That means many people are dealing with treatment for this worrisome disease—including many of my friends and family members. While new treatments are giving people hope for greater longevity and even full recovery, the social and emotional toll of cancer is still severe. Right when cancer patients need calm clarity and social support for getting through treatment, they can have trouble finding either, compounding their suffering.
Be Mindful and Accepting of Your Experience
Though some people believe there’s an ideal way to feel or behave when faced with cancer—upbeat, stoic, or defiant, for example—trying to fit someone’s ideal of how you should react or denying your own feelings is likely to backfire, write the authors. Instead, you should try practicing mindfulness—paying attention to your experience without judgment. This is a more effective way to understand your experience and your needs in any given moment.“Your emotions, thoughts, and physical sensations offer valuable information. They can tell you what’s wrong and needs to be addressed as well as what’s going right that should be pursued,” write Stuntz and Linehan.

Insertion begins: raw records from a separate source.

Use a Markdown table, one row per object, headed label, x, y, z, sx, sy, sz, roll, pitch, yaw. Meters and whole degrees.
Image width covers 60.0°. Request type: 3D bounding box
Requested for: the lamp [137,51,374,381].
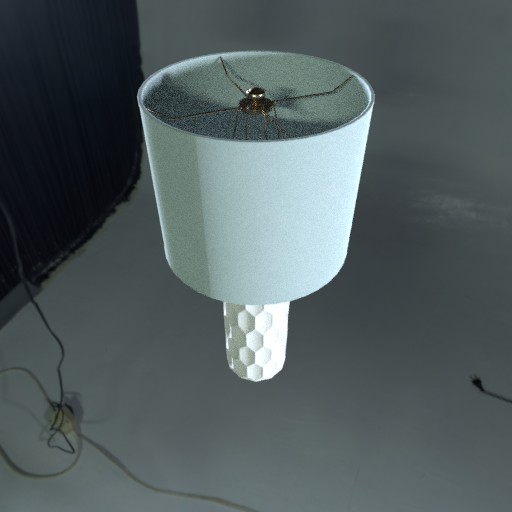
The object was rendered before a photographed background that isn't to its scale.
| label | x | y | z | sx | sy | sz | roll | pitch | yaw |
| --- | --- | --- | --- | --- | --- | --- | --- | --- | --- |
| lamp | 0.000 | 0.000 | 0.703 | 0.277 | 0.534 | 0.277 | 11 | 43 | 12 |

Finding some distance also allows you to notice patterns, including habits that might not be serving you.
Try Self-Compassion
If you accept that all feelings are valid, you can start to recognize where they come from and how to soothe them without repressing them. One method for helping with emotional upset is the practice of self-compassion. Showing yourself kindness and understanding for what you are going through, while recognizing that you are not alone in your suffering, can be a boon to your recovery.Check the Facts and Question Distorted Thinking
When we are worried, it can often cause rumination—repetitive thoughts that disturb us and keep us up at night. This can lead to depression and other problems that can interfere with recovery.As the authors note, people with cancer can succumb to distorted thinking patterns, such as “black-and-white” thinking or thinking in absolutes—for example, only focusing on bad news and ignoring progress, or telling yourself that you’ll never be able to work again and you’ll always be sick.
To find a more balanced approach, the authors recommend that you question these types of thoughts by stepping back and examining them and, perhaps, challenging or reframing them. Recognizing the difference between facts and fear-based assumptions can help you interrupt distorted thinking and keep your mind from spinning out of control.

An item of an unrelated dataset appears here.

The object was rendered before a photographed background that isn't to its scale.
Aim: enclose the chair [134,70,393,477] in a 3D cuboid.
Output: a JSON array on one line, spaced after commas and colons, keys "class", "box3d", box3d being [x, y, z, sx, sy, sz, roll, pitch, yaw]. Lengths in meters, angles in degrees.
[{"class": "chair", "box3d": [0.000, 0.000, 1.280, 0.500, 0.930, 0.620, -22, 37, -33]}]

Questioning assumptions can be helpful when talking to doctors, too. For example, some people with cancer are afraid to confront their doctors with fears or doubts about treatment, worried they will offend their doctor and, possibly, lose an important ally in their care. But most doctors are trained to listen and educate patients about their options and expect questions. It’s important to express uncertainty while staying open to emerging information—even difficult facts about your care—to maintain a realistic view of your situation.Ask for What You Want From Others ... in a Kind Way
Support from others is key to healing from cancer. But sometimes cancer patients may feel reluctant to ask for help, especially if they tend to be “go it alone” types. Or they may fear that medical doctors or caretakers will not listen to them, making them feel angry for having reached out.It’s important to find a balance between requesting help and demanding it from someone—especially from a caregiver who is already burdened. Asking for what you want clearly and confidently, explaining why you need the help, and appreciating the help you receive are all useful strategies for getting what you need from others to help you heal, the authors write.
- Be Fair: Validate your feelings and wishes as well as the other person’s.
- Assert: Don’t apologize for making a request, having an opinion, or disagreeing.
- Stick to your values: Make sure you are acting in a morally sound way.
- Be Truthful: Don’t make excuses, lie, or act helpless when you’re not.
Connect to Meaning
While no one wants to suffer from cancer, it can be an opportunity to remember what is most important in life. Whether it’s your relationships with others, your work or creative endeavors, the beauty of the world around you, or your religious faith, you can take moments to appreciate the things of value to you and embrace opportunities to connect to them.“Being clear about what sustains and matters to you can help you assess whether you’re living the way you want to or decide what if any changes you want to make to promote the more meaningful parts of life,” write Stuntz and Linehan.
While none of these strategies are foolproof, they can help people who are going through cancer manage, and that’s good to know. On the other hand, I would argue that this advice is useful for anyone going through difficult times, health-related or not. We could all be more mindful, offer ourselves more self-compassion, be better fact checkers, treat our support networks kindly, and search for meaning in life. The book, though geared to cancer survivors, really speaks to us all.